19
giu

Tutti i nudi vengono al petting – Volver

Vi chiederete voi, che c’entra il titolo con la recensione di Volver? A parte il fatto che è quello che mi piacerebbe fare con Penelope Cruz, Volver, è una storia di ritorni (non a caso si chiama Ritornare ndr), dove alla fine tutti i nodi vengono al petting…ehm pettine (avevo ancora nella mente lo splendido ciondolo che porta Penelope nel film).

Tornando a una parvenza di serietà, la storia si svolge nella Spagna rurale, quella dei piccoli paesi, ma che potrebbe tranquillamente svolgersi nell’Italia peninsulare, in terronia insomma. Interi nuclei familiari che passano le giornate a lucidare le lapidi dei propri cari, cortei senza fine dietro al carro funebre, nenie di ore delle donne vestite di nero che spulciano i rosari e così via.
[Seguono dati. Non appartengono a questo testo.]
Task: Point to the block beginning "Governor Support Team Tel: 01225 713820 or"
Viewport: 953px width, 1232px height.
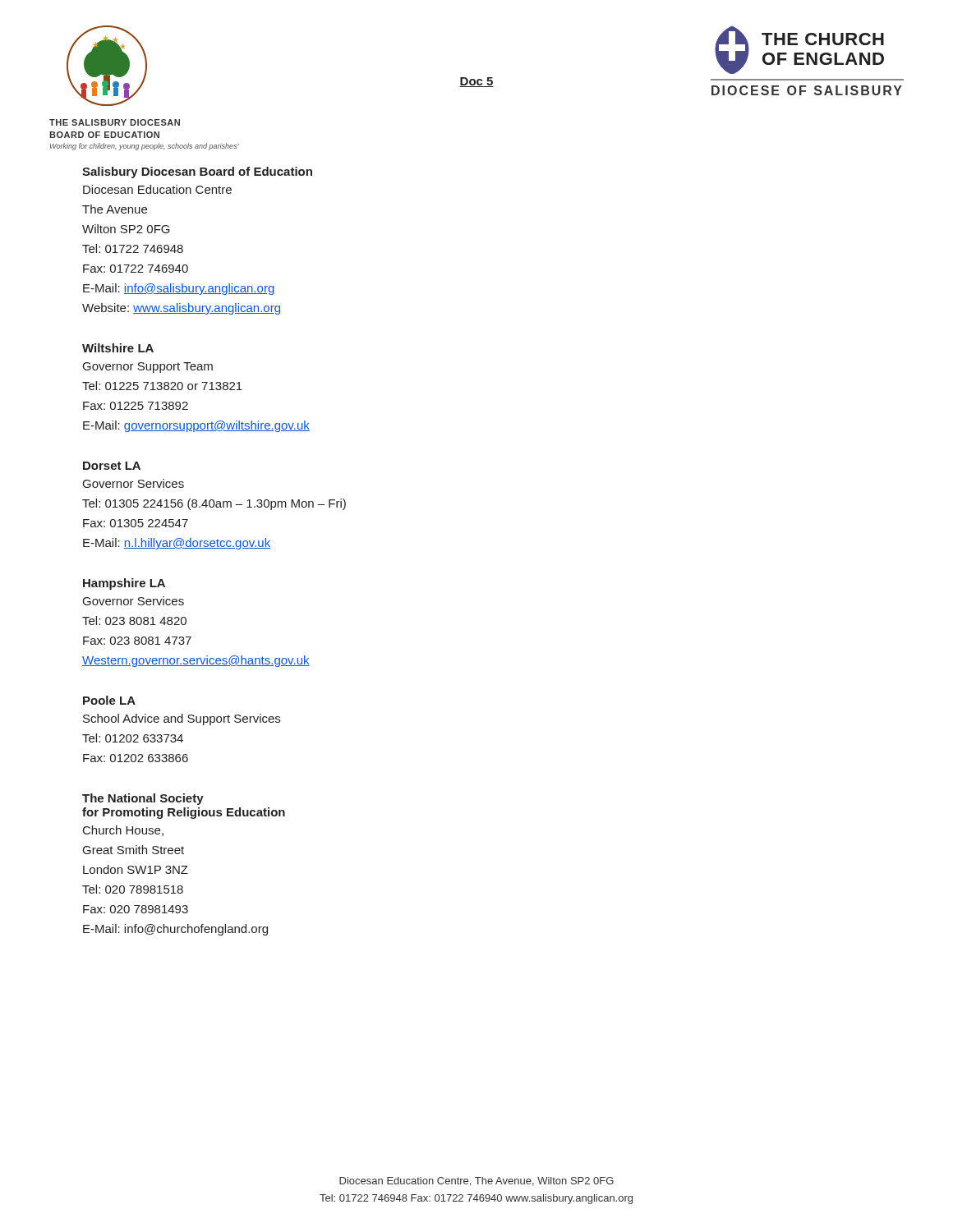Action: (196, 395)
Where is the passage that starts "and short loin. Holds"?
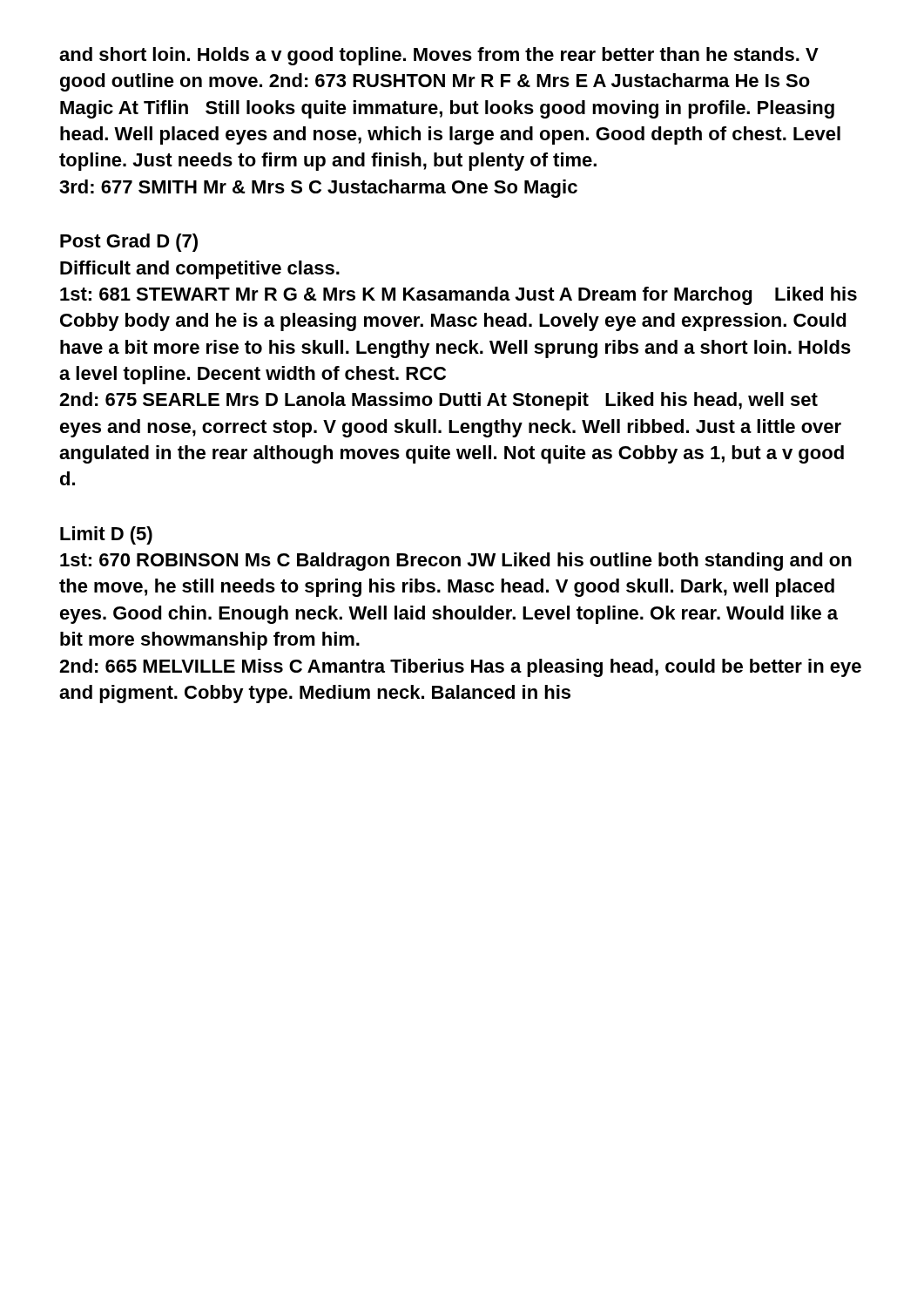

L’argomento principale è quello dei rapporti familiari, tra mamma e figlia, di tragedie, incomprensioni e segreti tenuti nascosti per anni. Il centro di gravità verso il quale tutto confluisce è il personaggio splendidamente interpretato da Penelope Cruz, che è sia madre di una ragazza di 14 anni, sia figlia di una madre che fa uno strano ritorno. Potrebbe sembrare un polpettone (polpettone *sbav* ndHomer) ma invece la storia fila liscia fino alla fine, anche se forse gli ultimi 20 minuti sono un po’ tirati per le lunghe, anche grazie ai numerosi colpi di scena.

Gli attori mi sono piaciuti tutti ma la Cruz è stata molto brava, a tratti ricordava la Sofia Loren della Ciociara dalla quale ha più volte ammesso di ispirarsi.